> **Work order**
In the listing below, identify each line with the word "whole" and return those lines.

> **Data**
==================================================

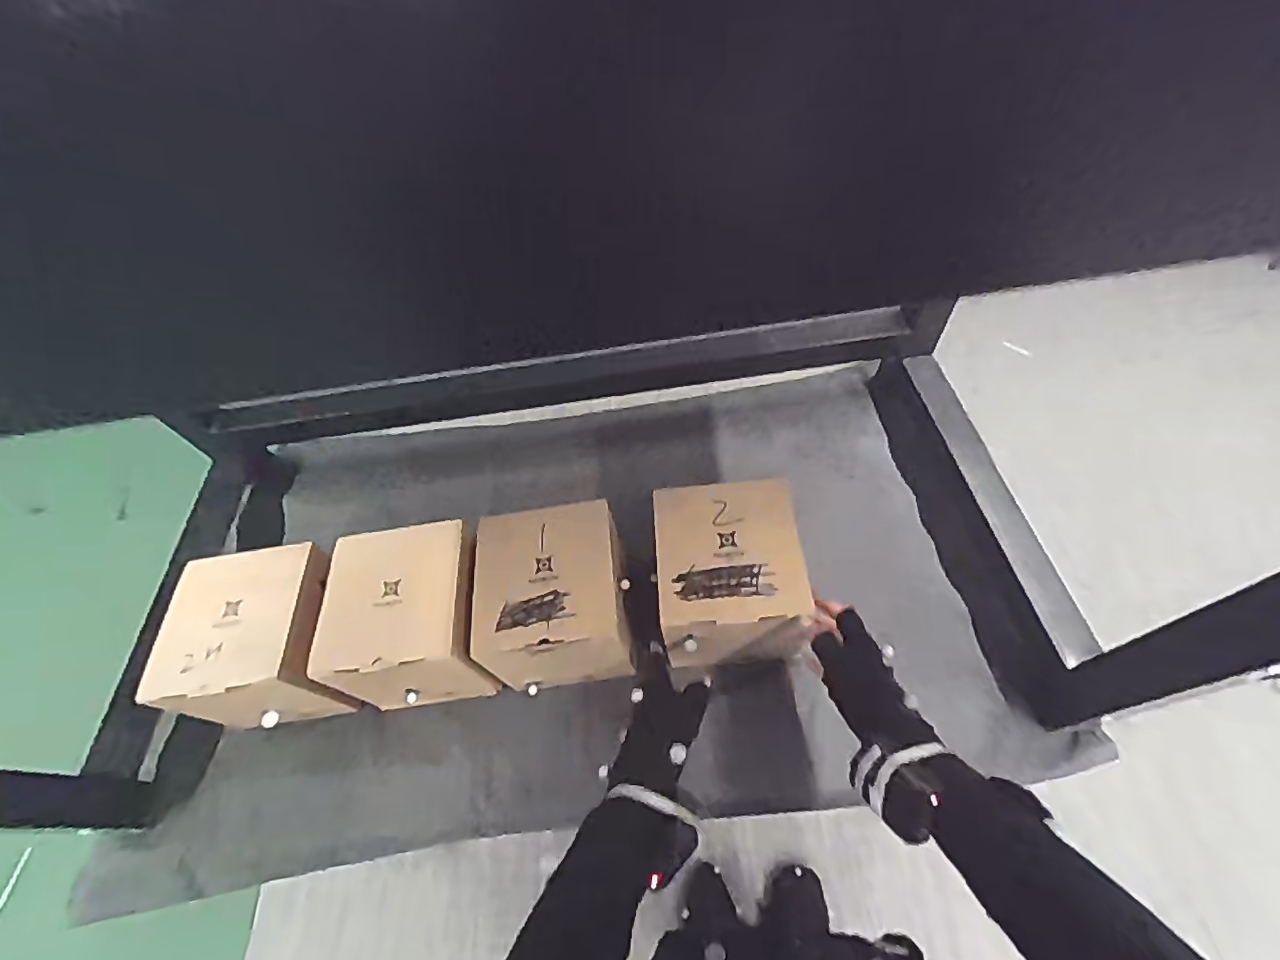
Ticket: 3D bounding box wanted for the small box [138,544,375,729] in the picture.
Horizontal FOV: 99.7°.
[{"bbox_3d":[-0.474,0.208,0.707,0.168,0.176,0.179,-9,55,2],"label":"small box"}]
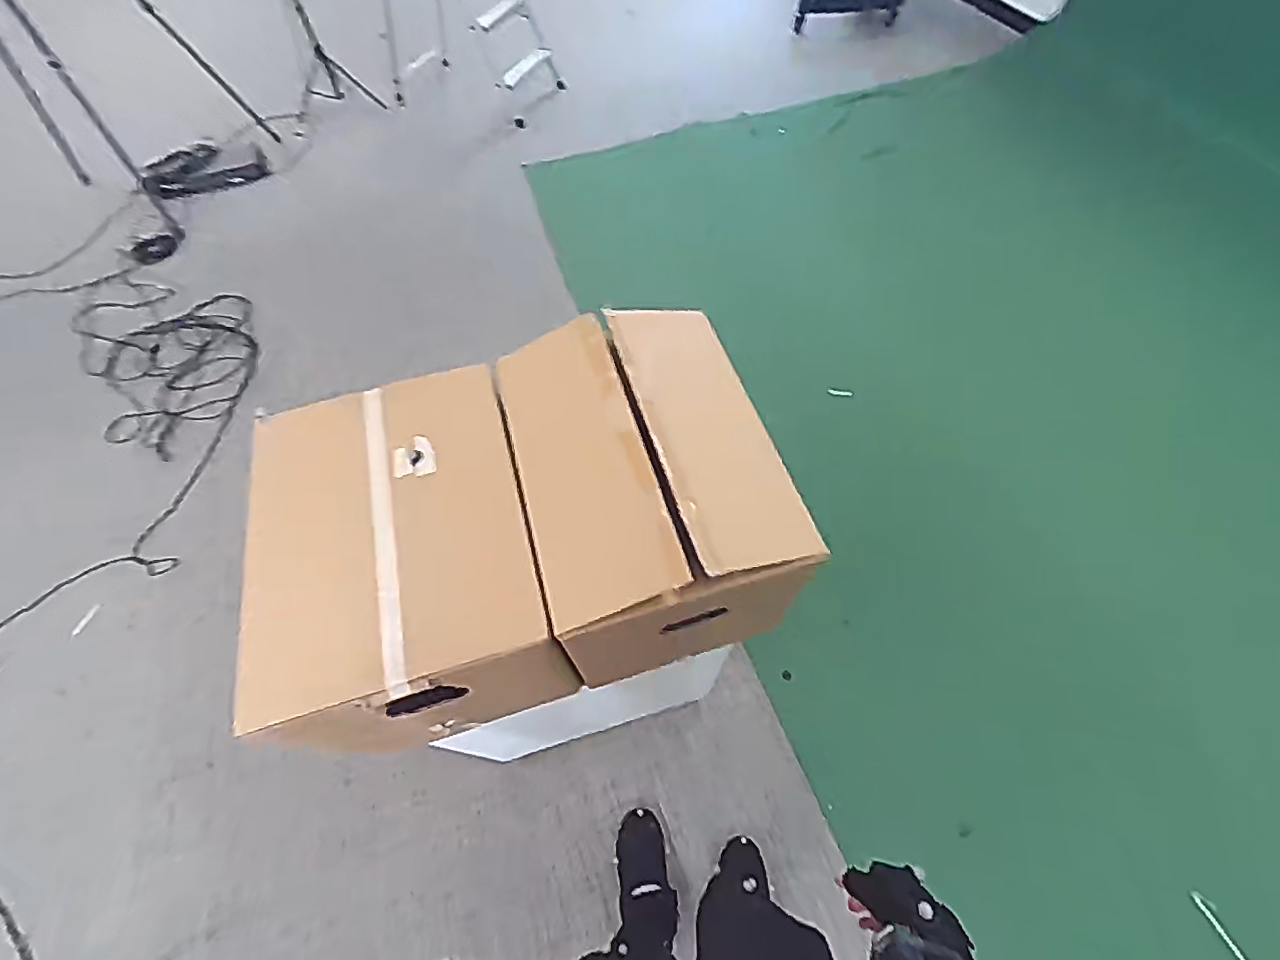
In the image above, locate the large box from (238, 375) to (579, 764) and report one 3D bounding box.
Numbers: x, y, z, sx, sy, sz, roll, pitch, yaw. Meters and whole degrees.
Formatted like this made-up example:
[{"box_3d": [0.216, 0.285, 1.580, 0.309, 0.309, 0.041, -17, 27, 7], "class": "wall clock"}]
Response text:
[{"box_3d": [-0.301, 0.130, 0.770, 0.320, 0.320, 0.408, -16, 58, -8], "class": "large box"}]
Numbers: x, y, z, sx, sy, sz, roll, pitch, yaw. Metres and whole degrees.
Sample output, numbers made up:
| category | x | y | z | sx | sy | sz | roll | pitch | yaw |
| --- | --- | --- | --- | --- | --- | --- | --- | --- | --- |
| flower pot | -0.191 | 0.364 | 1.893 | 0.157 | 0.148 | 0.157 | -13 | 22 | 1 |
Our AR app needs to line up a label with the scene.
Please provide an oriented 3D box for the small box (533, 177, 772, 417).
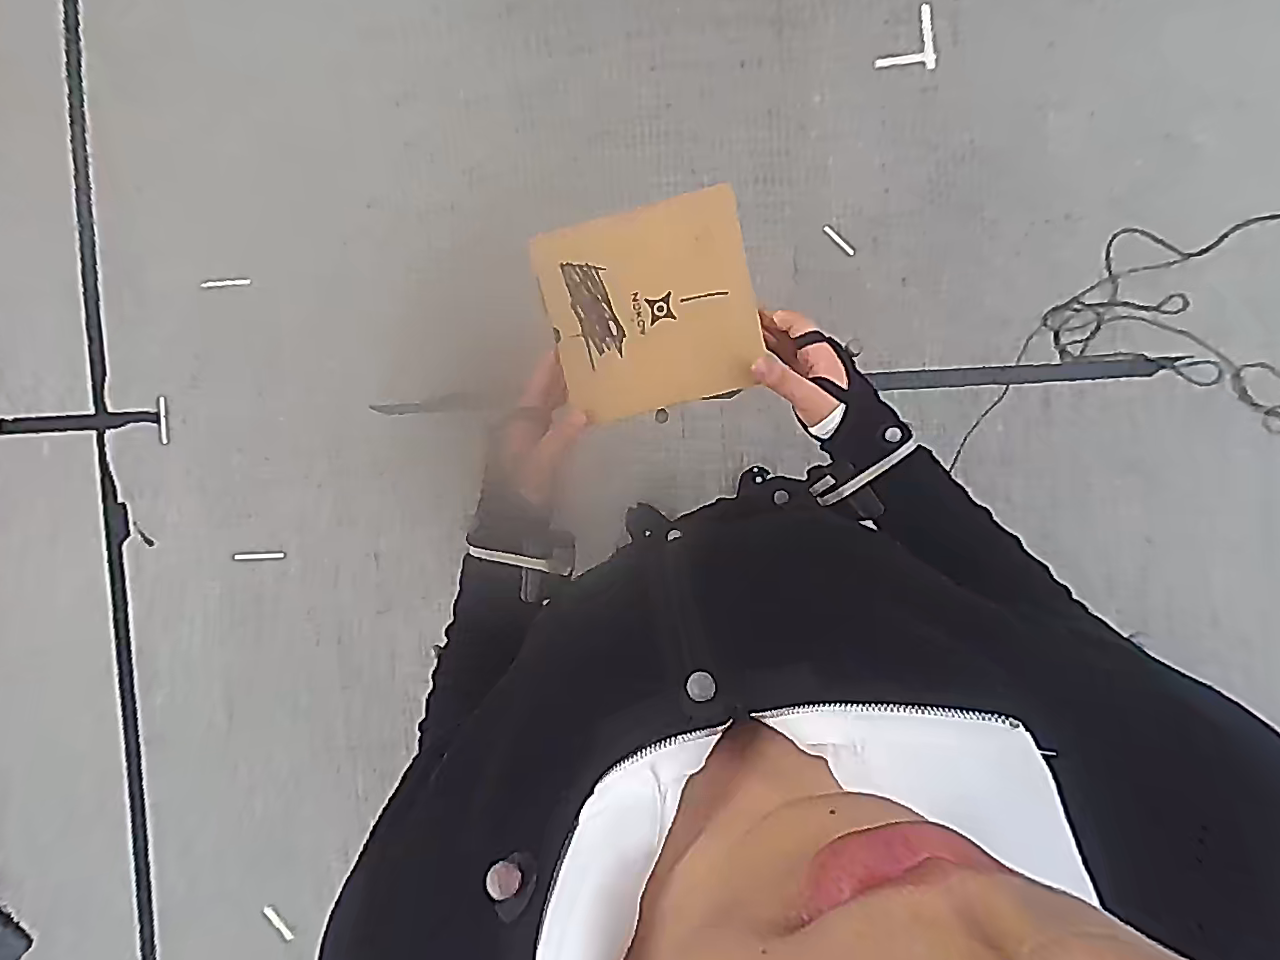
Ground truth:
| category | x | y | z | sx | sy | sz | roll | pitch | yaw |
| --- | --- | --- | --- | --- | --- | --- | --- | --- | --- |
| small box | 0.015 | -0.161 | 0.533 | 0.179 | 0.176 | 0.168 | -13 | 98 | 4 |
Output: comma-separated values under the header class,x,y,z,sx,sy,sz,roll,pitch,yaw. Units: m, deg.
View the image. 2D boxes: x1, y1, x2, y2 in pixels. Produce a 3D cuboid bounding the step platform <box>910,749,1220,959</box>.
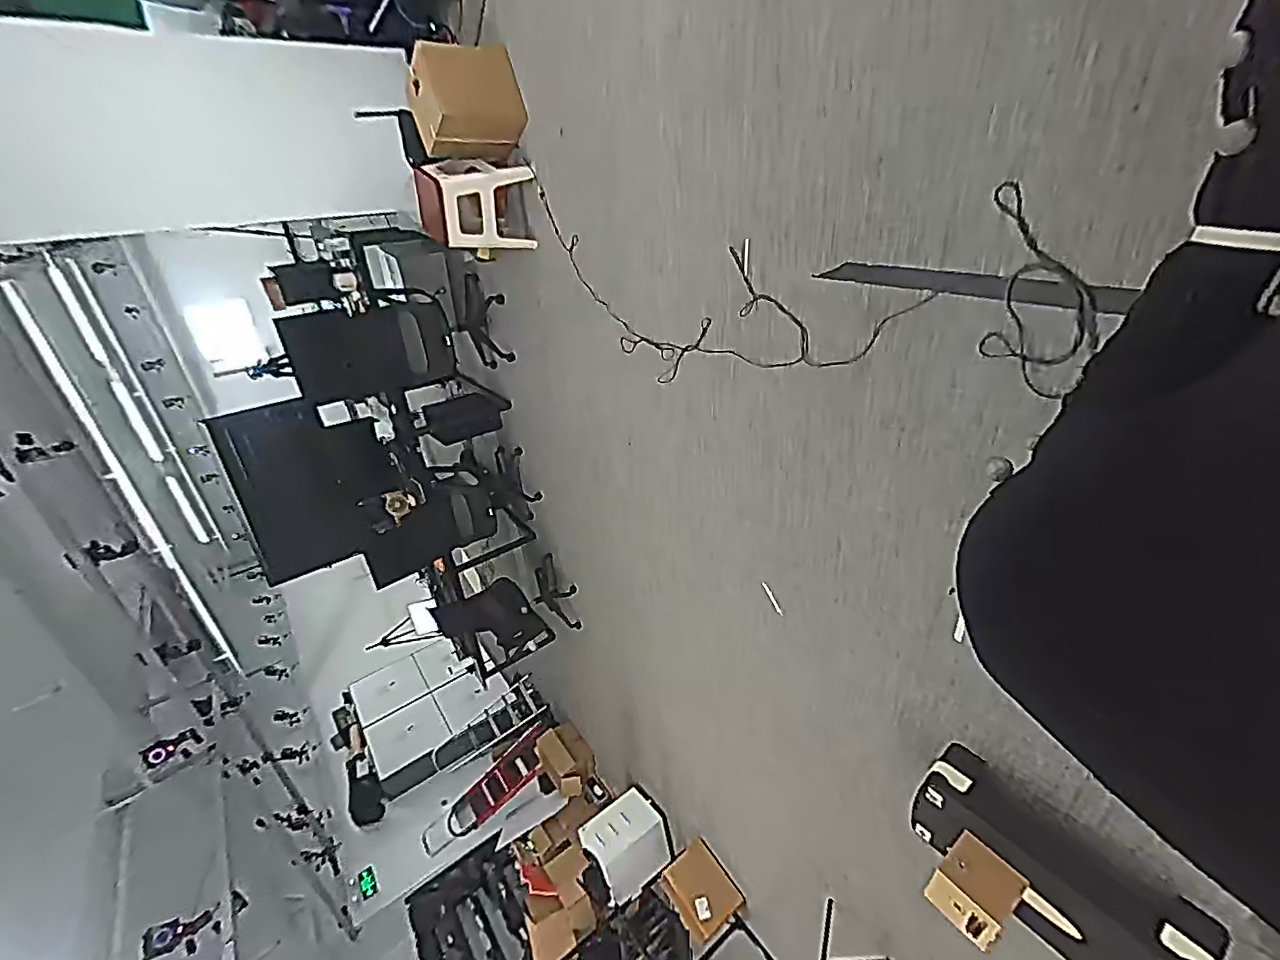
class,x,y,z,sx,sy,sz,roll,pitch,yaw
step platform,1.146,1.134,1.555,0.684,0.204,0.286,29,134,45

==================================================

> **Problem solution**
Numbers: x, y, z, sx, sy, sz, roll, pitch, yaw. Meters and whole degrees.
Numbers: x, y, z, sx, sy, sz, roll, pitch, yaw. Metres and whole degrees.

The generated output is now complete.